#### Data extracts

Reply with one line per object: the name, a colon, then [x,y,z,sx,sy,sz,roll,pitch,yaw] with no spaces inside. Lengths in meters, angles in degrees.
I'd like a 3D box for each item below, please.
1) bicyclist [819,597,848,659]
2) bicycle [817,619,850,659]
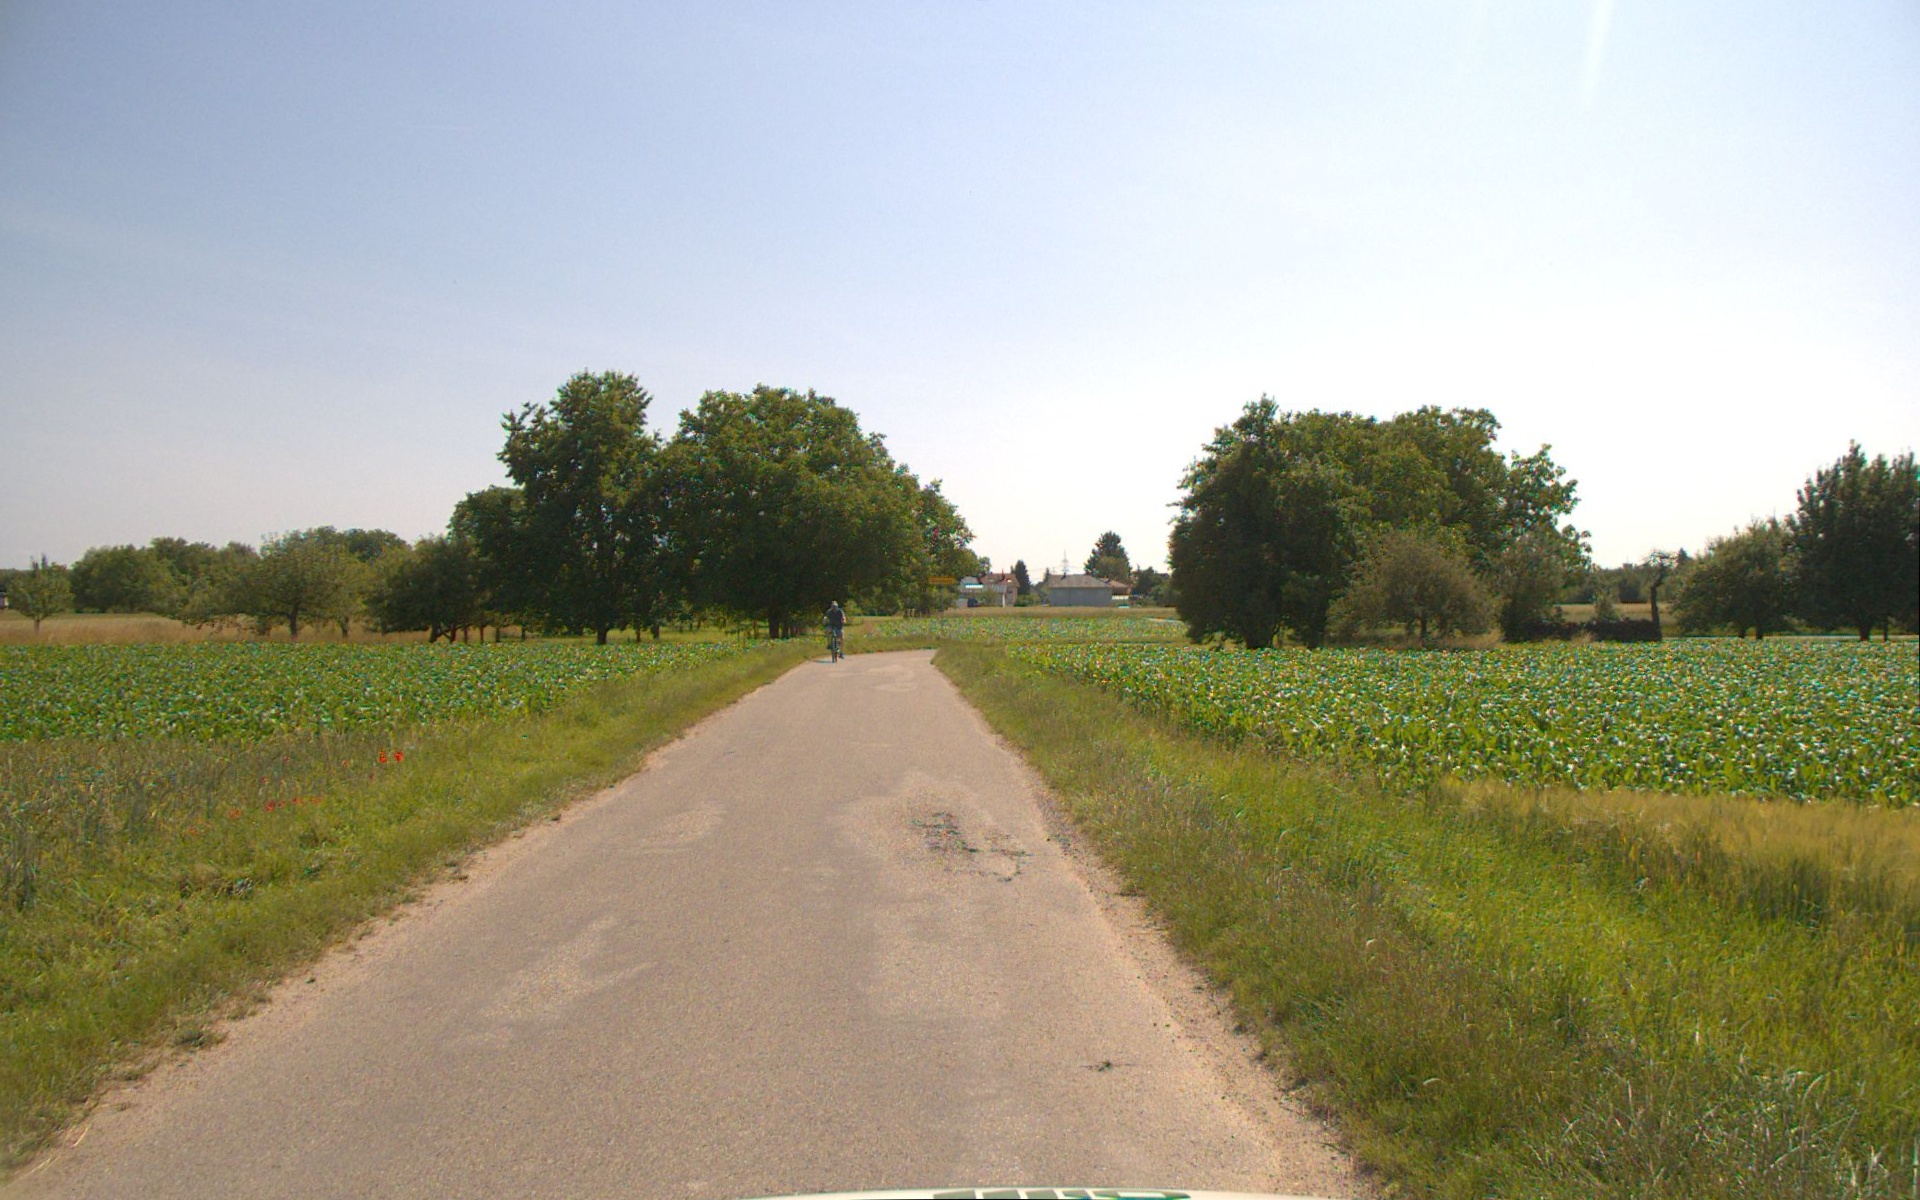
bicyclist: [-3.799,0.830,49.809,0.735,1.822,0.717,-2,-1,2]
bicycle: [-3.793,1.157,49.801,0.735,1.147,1.909,-2,0,3]

#### Problem to solve
Your task is to give again, unchanged, the lines from the line that contains "1) bicyclist [819,597,848,659]" to the end of the records. Include both end lines but no pictures.

#### Response for this exercise
1) bicyclist [819,597,848,659]
2) bicycle [817,619,850,659]
bicyclist: [-3.799,0.830,49.809,0.735,1.822,0.717,-2,-1,2]
bicycle: [-3.793,1.157,49.801,0.735,1.147,1.909,-2,0,3]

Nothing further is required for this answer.